Table 1: Segmentation results of different deep learning based methods on DRIVE. Bold values show the best score among all methods.
| Method | F1 | Sn | Sp | Acc | AUC |
|---|---|---|---|---|---|
| Melinscak et al. [1] | - | 0.7276 | 0.9785 | 0.9466 | 0.9749 |
| Li et al. [2] | - | 0.7569 | 0.9816 | 0.9527 | 0.9738 |
| Liskowski et al. [3] | - | 0.7520 | 0.9806 | 0.9515 | 0.9710 |
| Fu et al [4] | - | 0.7603 | - | 0.9523 | - |
| Oliveira et al. [5] | - | 0.8039 | 0.9804 | 0.9576 | 0.9821 |
| M2U-Net [6] | 0.8091 | - | - | 0.9630 | 0.9714 |
| R2U-Net [7] | 0.8171 | 0.7792 | 0.9813 | 0.9556 | 0.9784 |
| LadderNet [8] | 0.8202 | 0.7856 | 0.9810 | 0.9561 | 0.9793 |
| This work, U-Net | 0.8169 | 0.7728 | 0.9826 | 0.9559 | 0.9794 |
| This work, LadderNet | 0.8219 | 0.7871 | 0.9813 | 0.9566 | 0.9805 |
Table 2: Segmentation results of different deep learning based methods on STARE. Bold values show the best score among all methods.
| Method | F1 | Sn | Sp | Acc | AUC |
|---|---|---|---|---|---|
| Li et al. [2] | - | 0.7726 | 0.9844 | 0.9628 | 0.9879 |
| Liskowski et al. [3] | - | 0.8145 | 0.9866 | 0.9696 | 0.9880 |
| Fu et al [4] | - | 0.7412 | - | 0.9585 | - |
| Oliveira et al. [5] | - | 0.8315 | 0.9858 | 0.9694 | 0.9905 |
| R2U-Net [7] | 0.8475 | 0.8298 | 0.9862 | 0.9712 | 0.9914 |
| This work, U-Net | 0.8219 | 0.7739 | 0.9867 | 0.9638 | 0.9846 |
| This work, LadderNet | 0.7694 | 0.7513 | 0.9764 | 0.9529 | 0.9660 |
- numpy >= 1.11.1
- PIL >=1.1.7
- opencv >=2.4.10
- h5py >=2.6.0
- ConfigParser >=3.5.0b2
- scikit-learn >= 0.17.1
Training from scratch:
python run_training.py <configuration_drive.txt|configuration_stare.txt|configuration_chase.txt>
Keep training based on pretrained models:
python run_keep_training.py <configuration_drive.txt|configuration_stare.txt|configuration_chase.txt>
python run_testing.py <configuration_drive.txt|configuration_stare.txt|configuration_chase.txt>
[1] Melinscak, M., Prentasi, P., & Lonari, S. (2015, January). Retinal vessel segmentation using deep neural networks. In VISAPP 2015 (10th International Conference on Computer Vision Theory and Applications).
[2] Li, Q., Feng, B., Xie, L., Liang, P., Zhang, H., & Wang, T. (2016). A Cross-Modality Learning Approach for Vessel Segmentation in Retinal Images. IEEE Trans. Med. Imaging, 35(1), 109-118.
[3] Liskowski, P., & Krawiec, K. (2016). Segmenting retinal blood vessels with deep neural networks. IEEE transactions on medical imaging, 35(11), 2369-2380.
[4] Fu, H., Xu, Y., Lin, S., Wong, D. W. K., & Liu, J. (2016, October). Deepvessel: Retinal vessel segmentation via deep learning and conditional random field. In International Conference on Medical Image Computing and Computer-Assisted Intervention (pp. 132- 139). Springer, Cham.
[5] Oliveira, A. F. M., Pereira, S. R. M., & Silva, C. A. B. (2018). Retinal Vessel Segmenta- tion based on Fully Convolutional Neural Networks. Expert Systems with Applications.

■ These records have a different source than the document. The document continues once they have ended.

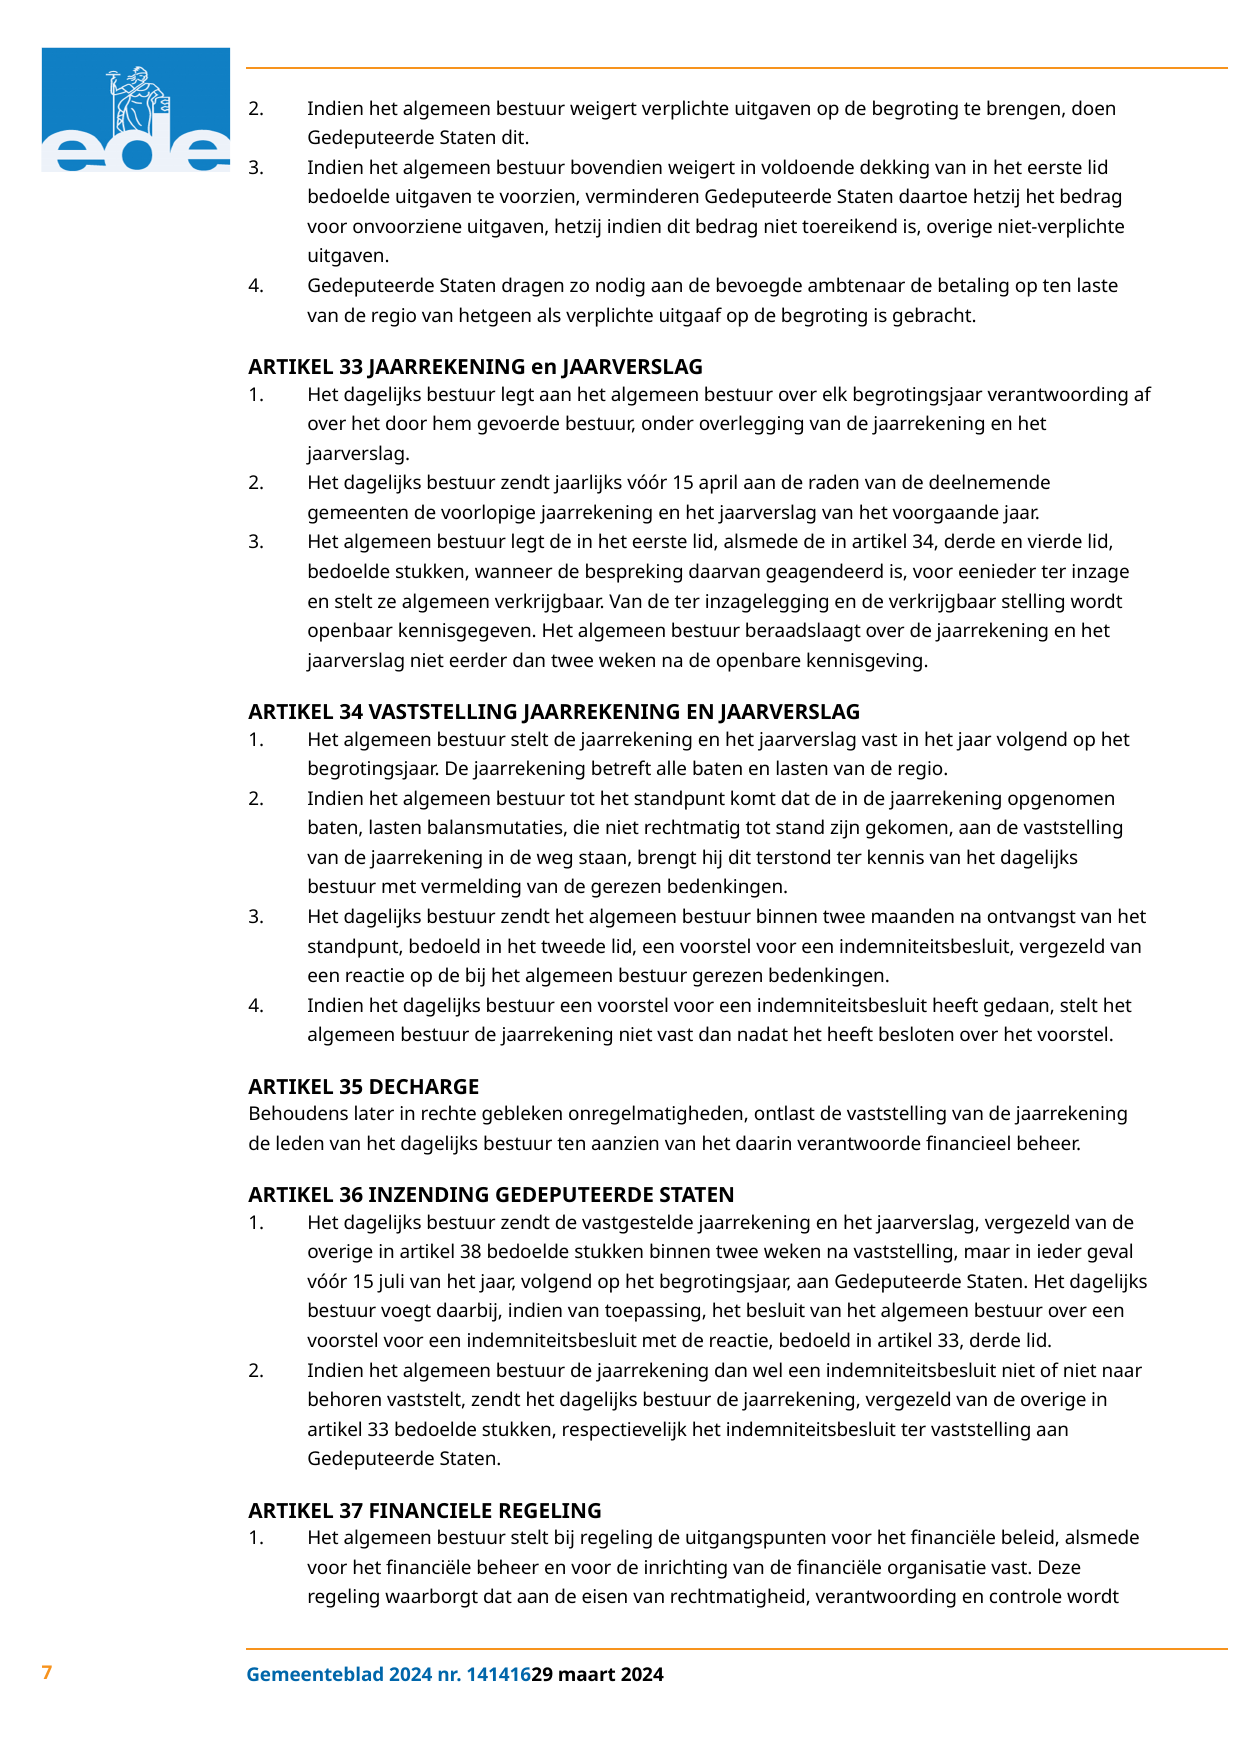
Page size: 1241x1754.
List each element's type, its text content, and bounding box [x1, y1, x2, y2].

list Het dagelijks bestuur zendt het algemeen bestuur binnen twee maanden na ontvangst van het standpunt, bedoeld in het tweede lid, een voorstel voor een indemniteitsbesluit, vergezeld van een reactie op de bij het algemeen bestuur gerezen bedenkingen. [248, 903, 1152, 988]
list Gedeputeerde Staten dragen zo nodig aan de bevoegde ambtenaar de betaling op ten laste van de regio van hetgeen als verplichte uitgaaf op de begroting is gebracht. [248, 272, 1152, 328]
list Indien het algemeen bestuur de jaarrekening dan wel een indemniteitsbesluit niet of niet naar behoren vaststelt, zendt het dagelijks bestuur de jaarrekening, vergezeld van de overige in artikel 33 bedoelde stukken, respectievelijk het indemniteitsbesluit ter vaststelling aan Gedeputeerde Staten. [248, 1357, 1152, 1471]
list Het dagelijks bestuur legt aan het algemeen bestuur over elk begrotingsjaar verantwoording af over het door hem gevoerde bestuur, onder overlegging van de jaarrekening en het jaarverslag. [248, 381, 1152, 466]
list Indien het algemeen bestuur weigert verplichte uitgaven op de begroting te brengen, doen Gedeputeerde Staten dit. [248, 95, 1152, 150]
text ARTIKEL 37 FINANCIELE REGELING [248, 1496, 1152, 1524]
text Behoudens later in rechte gebleken onregelmatigheden, ontlast de vaststelling van de jaarrekening de leden van het dagelijks bestuur ten aanzien van het daarin verantwoorde financieel beheer. [248, 1101, 1152, 1156]
text ARTIKEL 35 DECHARGE [248, 1072, 1152, 1101]
picture [41, 47, 231, 172]
list Indien het algemeen bestuur tot het standpunt komt dat de in de jaarrekening opgenomen baten, lasten balansmutaties, die niet rechtmatig tot stand zijn gekomen, aan de vaststelling van de jaarrekening in de weg staan, brengt hij dit terstond ter kennis van het dagelijks bestuur met vermelding van de gerezen bedenkingen. [248, 785, 1152, 899]
list Indien het dagelijks bestuur een voorstel voor een indemniteitsbesluit heeft gedaan, stelt het algemeen bestuur de jaarrekening niet vast dan nadat het heeft besloten over het voorstel. [248, 992, 1152, 1047]
list Het dagelijks bestuur zendt jaarlijks vóór 15 april aan de raden van de deelnemende gemeenten de voorlopige jaarrekening en het jaarverslag van het voorgaande jaar. [248, 469, 1152, 525]
text ARTIKEL 34 VASTSTELLING JAARREKENING EN JAARVERSLAG [248, 697, 1152, 726]
list Het algemeen bestuur stelt de jaarrekening en het jaarverslag vast in het jaar volgend op het begrotingsjaar. De jaarrekening betreft alle baten en lasten van de regio. [248, 726, 1152, 781]
list Het algemeen bestuur legt de in het eerste lid, alsmede de in artikel 34, derde en vierde lid, bedoelde stukken, wanneer de bespreking daarvan geagendeerd is, voor eenieder ter inzage en stelt ze algemeen verkrijgbaar. Van de ter inzagelegging en de verkrijgbaar stelling wordt openbaar kennisgegeven. Het algemeen bestuur beraadslaagt over de jaarrekening en het jaarverslag niet eerder dan twee weken na de openbare kennisgeving. [248, 529, 1152, 673]
text ARTIKEL 36 INZENDING GEDEPUTEERDE STATEN [248, 1181, 1152, 1209]
list Indien het algemeen bestuur bovendien weigert in voldoende dekking van in het eerste lid bedoelde uitgaven te voorzien, verminderen Gedeputeerde Staten daartoe hetzij het bedrag voor onvoorziene uitgaven, hetzij indien dit bedrag niet toereikend is, overige niet-verplichte uitgaven. [248, 154, 1152, 268]
list Het dagelijks bestuur zendt de vastgestelde jaarrekening en het jaarverslag, vergezeld van de overige in artikel 38 bedoelde stukken binnen twee weken na vaststelling, maar in ieder geval vóór 15 juli van het jaar, volgend op het begrotingsjaar, aan Gedeputeerde Staten. Het dagelijks bestuur voegt daarbij, indien van toepassing, het besluit van het algemeen bestuur over een voorstel voor een indemniteitsbesluit met de reactie, bedoeld in artikel 33, derde lid. [248, 1209, 1152, 1353]
text ARTIKEL 33 JAARREKENING en JAARVERSLAG [248, 352, 1152, 381]
list Het algemeen bestuur stelt bij regeling de uitgangspunten voor het financiële beleid, alsmede voor het financiële beheer en voor de inrichting van de financiële organisatie vast. Deze regeling waarborgt dat aan de eisen van rechtmatigheid, verantwoording en controle wordt [248, 1524, 1152, 1609]
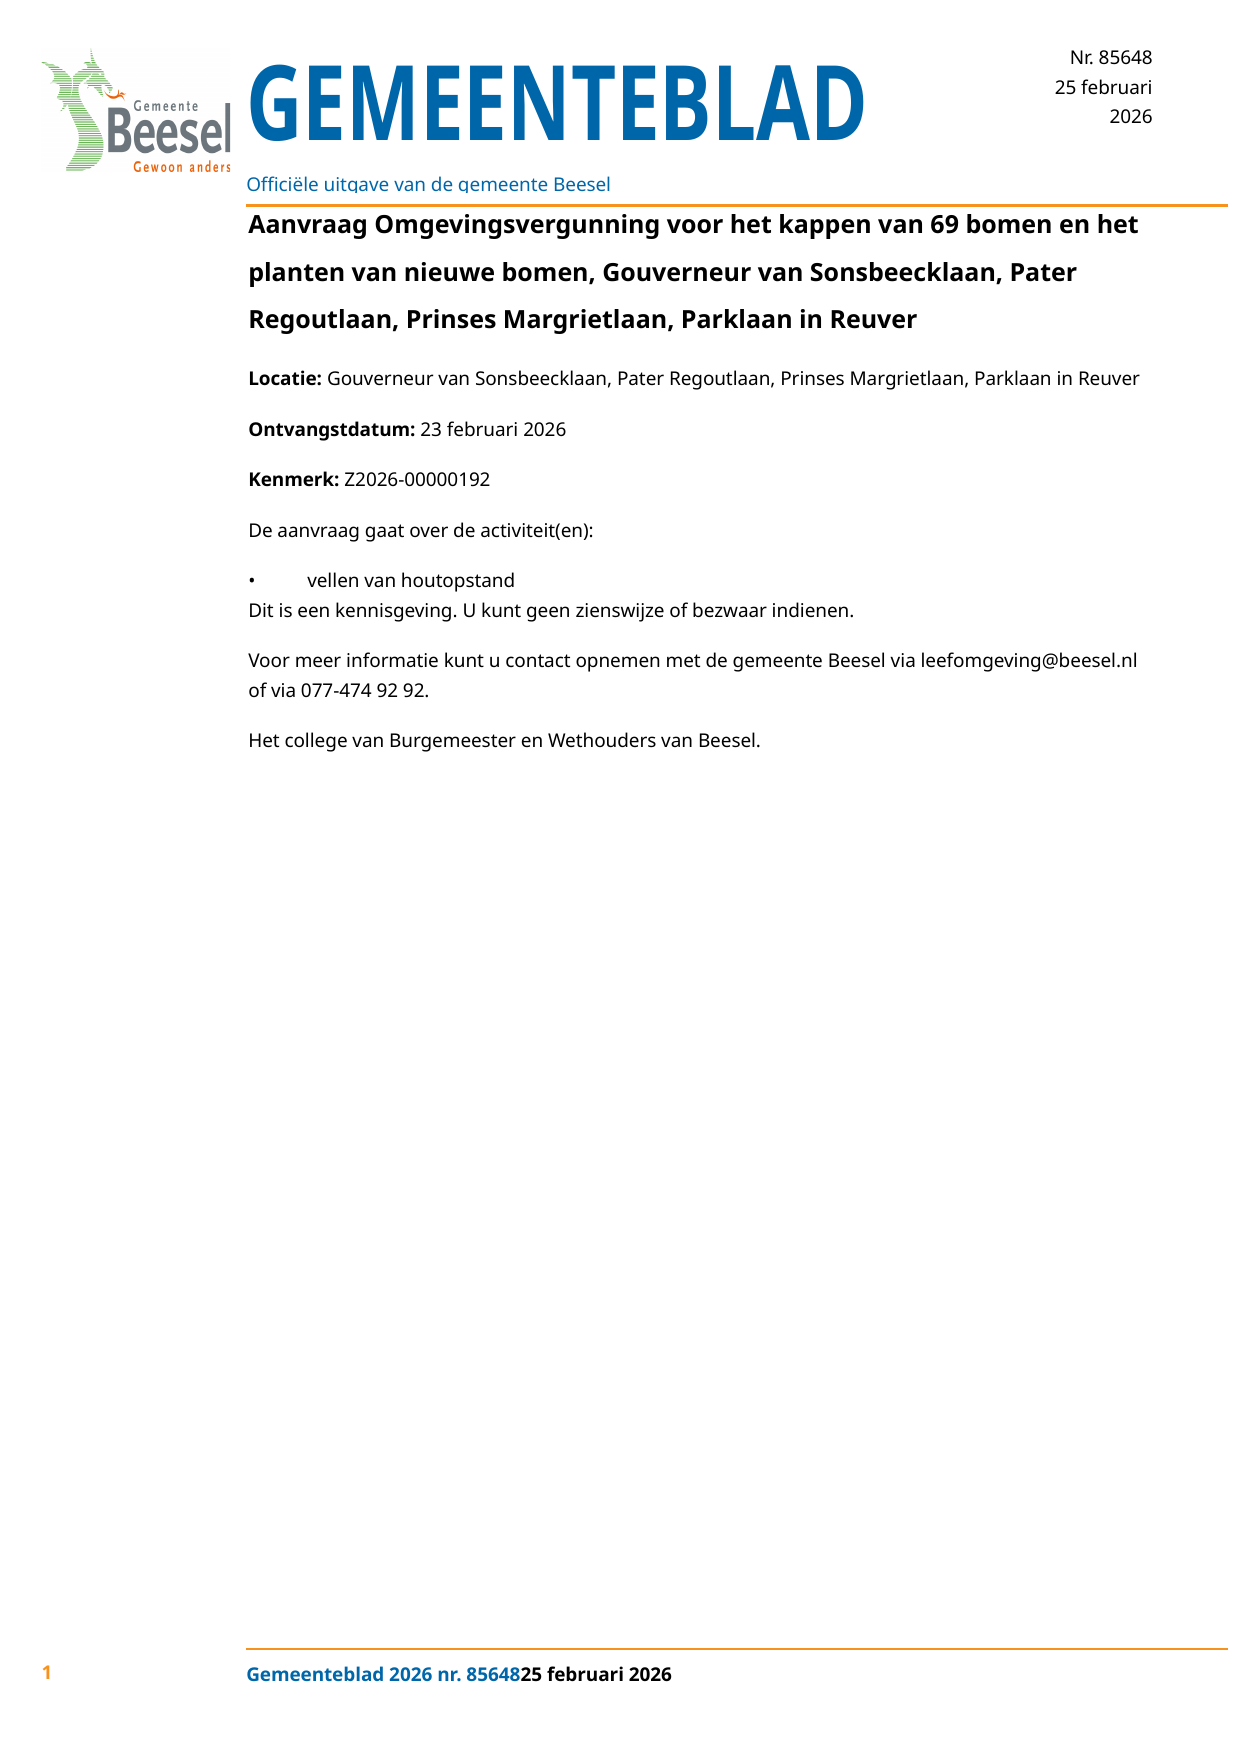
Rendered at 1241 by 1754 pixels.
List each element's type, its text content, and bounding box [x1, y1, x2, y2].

text Ontvangstdatum: 23 februari 2026 [248, 416, 1152, 442]
text Aanvraag Omgevingsvergunning voor het kappen van 69 bomen en het planten van nieuwe bomen, Gouverneur van Sonsbeecklaan, Pater Regoutlaan, Prinses Margrietlaan, Parklaan in Reuver [248, 207, 1152, 336]
text Dit is een kennisgeving. U kunt geen zienswijze of bezwaar indienen. [248, 597, 1152, 622]
picture [41, 47, 231, 172]
list vellen van houtopstand [248, 567, 1152, 593]
text De aanvraag gaat over de activiteit(en): [248, 517, 1152, 542]
text Kenmerk: Z2026-00000192 [248, 466, 1152, 492]
text Locatie: Gouverneur van Sonsbeecklaan, Pater Regoutlaan, Prinses Margrietlaan, Parklaan in Reuver [248, 366, 1152, 391]
text Het college van Burgemeester en Wethouders van Beesel. [248, 727, 1152, 753]
text Voor meer informatie kunt u contact opnemen met de gemeente Beesel via leefomgeving@beesel.nl of via 077-474 92 92. [248, 647, 1152, 702]

[6] Laibacher, T., Weyde, T., & Jalali, S. (2018). M2U-Net: Effective and Efficient Retinal Vessel Segmentation for Resource-Constrained Environments. arXiv preprint arXiv:1811.07738.
[7] Alom, M. Z., Hasan, M., Yakopcic, C., Taha, T. M., & Asari, V. K. (2018). Recurrent Residual Convolutional Neural Network based on U-Net (R2U-Net) for Medical Image Segmentation. arXiv preprint arXiv:1802.06955.
[8] Zhuang, J. (2018). LadderNet: Multi-path networks based on U-Net for medical image segmentation. arXiv preprint arXiv:1810.07810.